*Task goal*. In the records below, find each line with the word "text" and copy it.

#### Input for this task ####

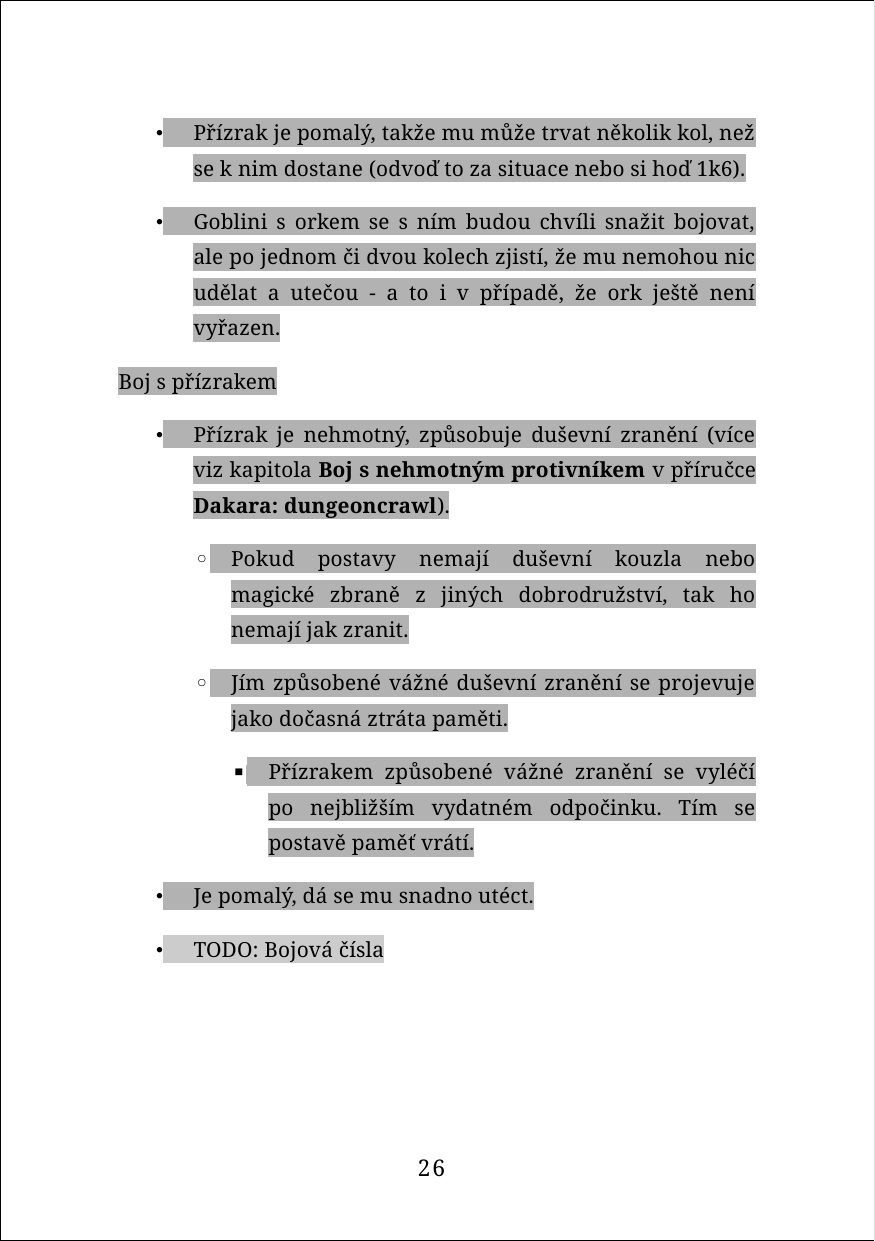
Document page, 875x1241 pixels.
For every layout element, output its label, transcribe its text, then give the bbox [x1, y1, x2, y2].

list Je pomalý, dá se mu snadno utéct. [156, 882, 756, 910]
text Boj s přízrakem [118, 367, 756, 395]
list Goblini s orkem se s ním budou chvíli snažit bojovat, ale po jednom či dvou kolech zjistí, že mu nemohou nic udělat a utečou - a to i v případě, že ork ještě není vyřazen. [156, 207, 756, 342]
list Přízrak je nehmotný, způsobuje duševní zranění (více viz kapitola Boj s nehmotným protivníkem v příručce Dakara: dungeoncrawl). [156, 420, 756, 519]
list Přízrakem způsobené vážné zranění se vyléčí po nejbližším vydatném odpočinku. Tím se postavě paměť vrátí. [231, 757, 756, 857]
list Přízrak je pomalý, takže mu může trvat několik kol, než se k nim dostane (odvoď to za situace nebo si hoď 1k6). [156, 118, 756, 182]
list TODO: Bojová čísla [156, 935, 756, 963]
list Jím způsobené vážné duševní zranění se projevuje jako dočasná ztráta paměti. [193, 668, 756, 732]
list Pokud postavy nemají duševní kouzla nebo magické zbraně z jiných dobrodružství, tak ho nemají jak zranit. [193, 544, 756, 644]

####

*Solution*.
For every layout element, output its label, transcribe its text, then give the bbox [x1, y1, x2, y2].
text Boj s přízrakem [118, 367, 756, 395]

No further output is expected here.